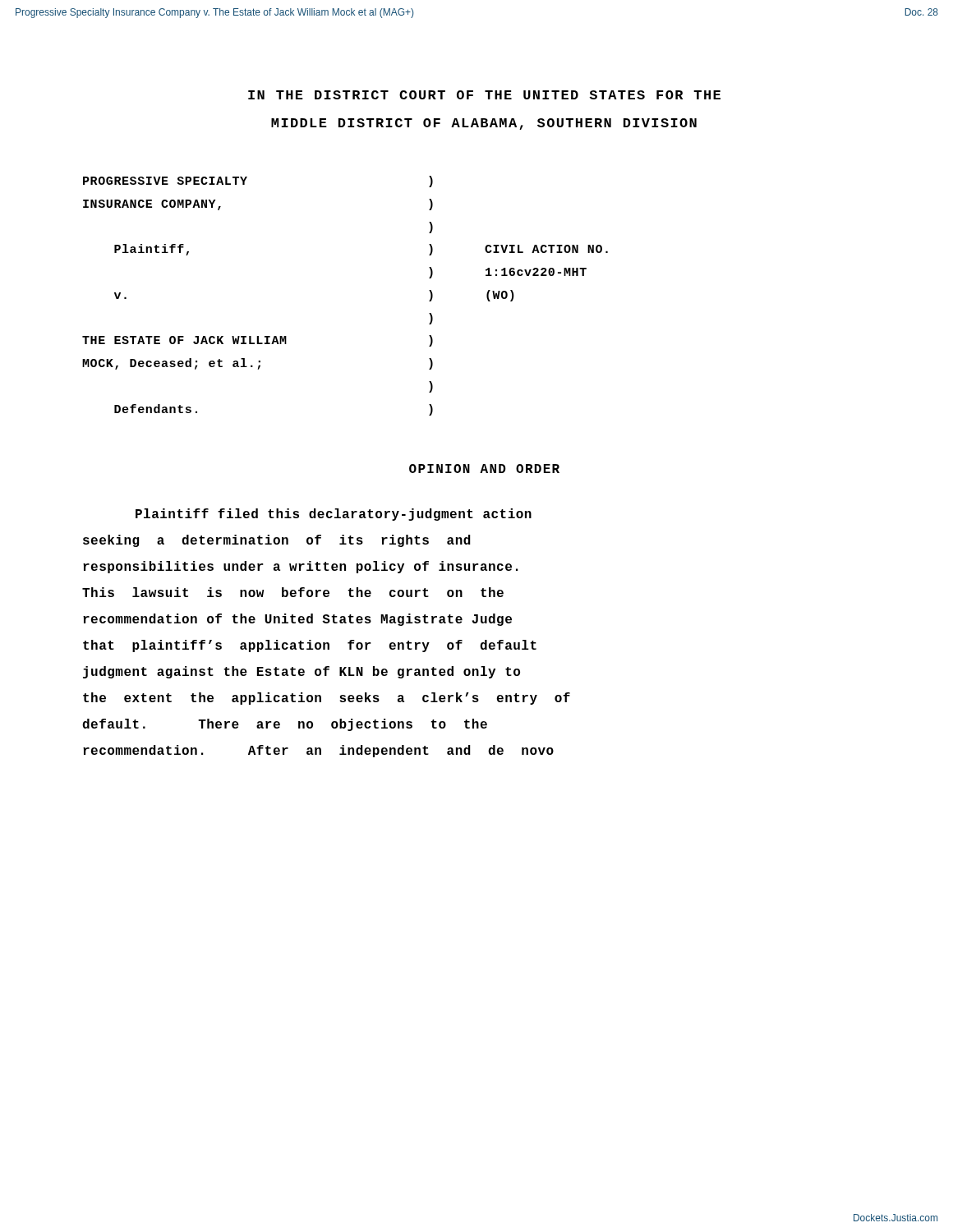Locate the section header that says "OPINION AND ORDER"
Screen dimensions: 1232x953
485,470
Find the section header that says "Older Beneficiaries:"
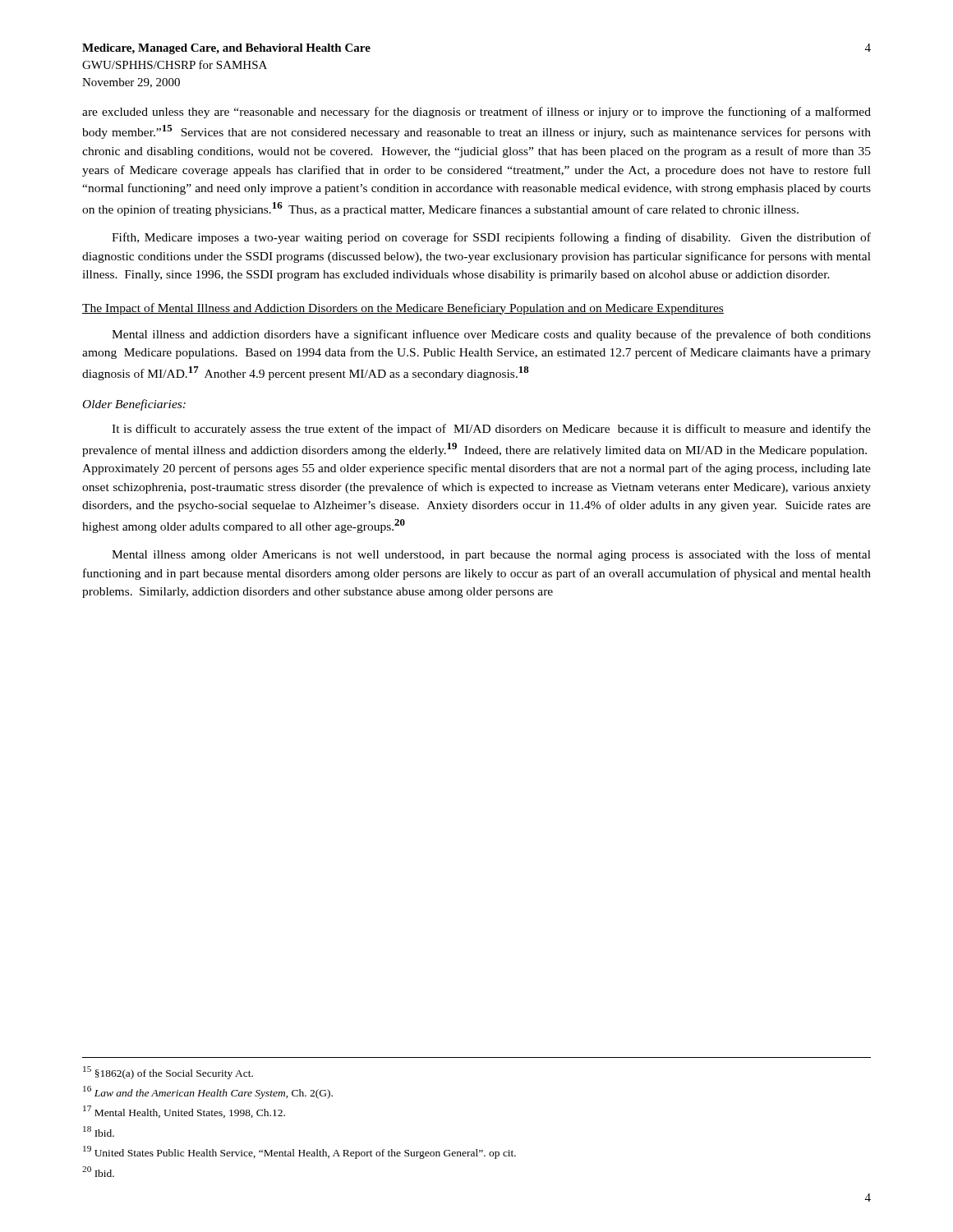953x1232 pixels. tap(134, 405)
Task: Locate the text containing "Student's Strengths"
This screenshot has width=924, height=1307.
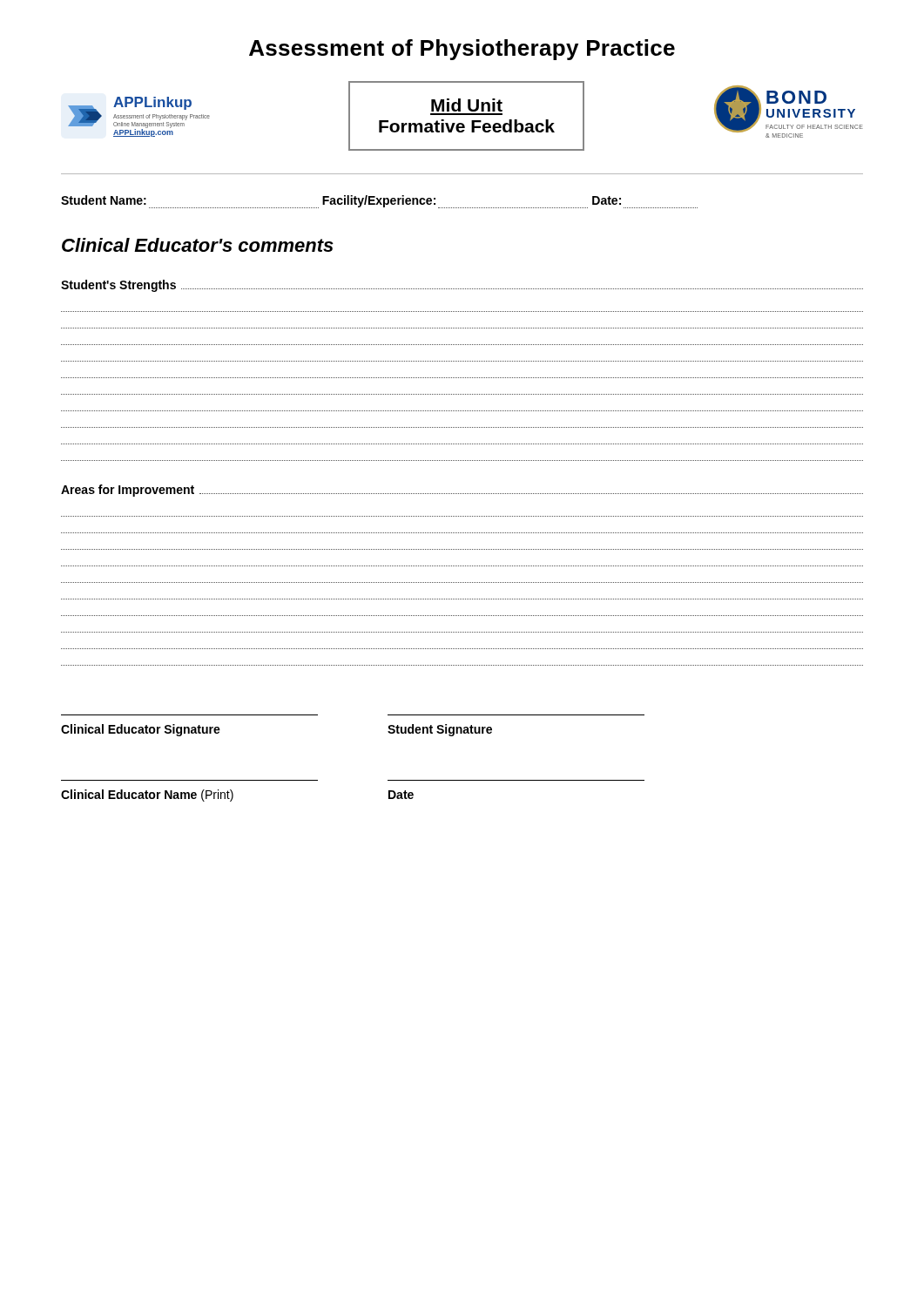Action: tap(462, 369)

Exercise requirements:
I need the lines from the one containing "Task: Locate the" through the end of the records retyped exactly, with the pictures left out.

Task answer:
Task: Locate the text containing "Student's Strengths"
This screenshot has width=924, height=1307.
Action: tap(462, 369)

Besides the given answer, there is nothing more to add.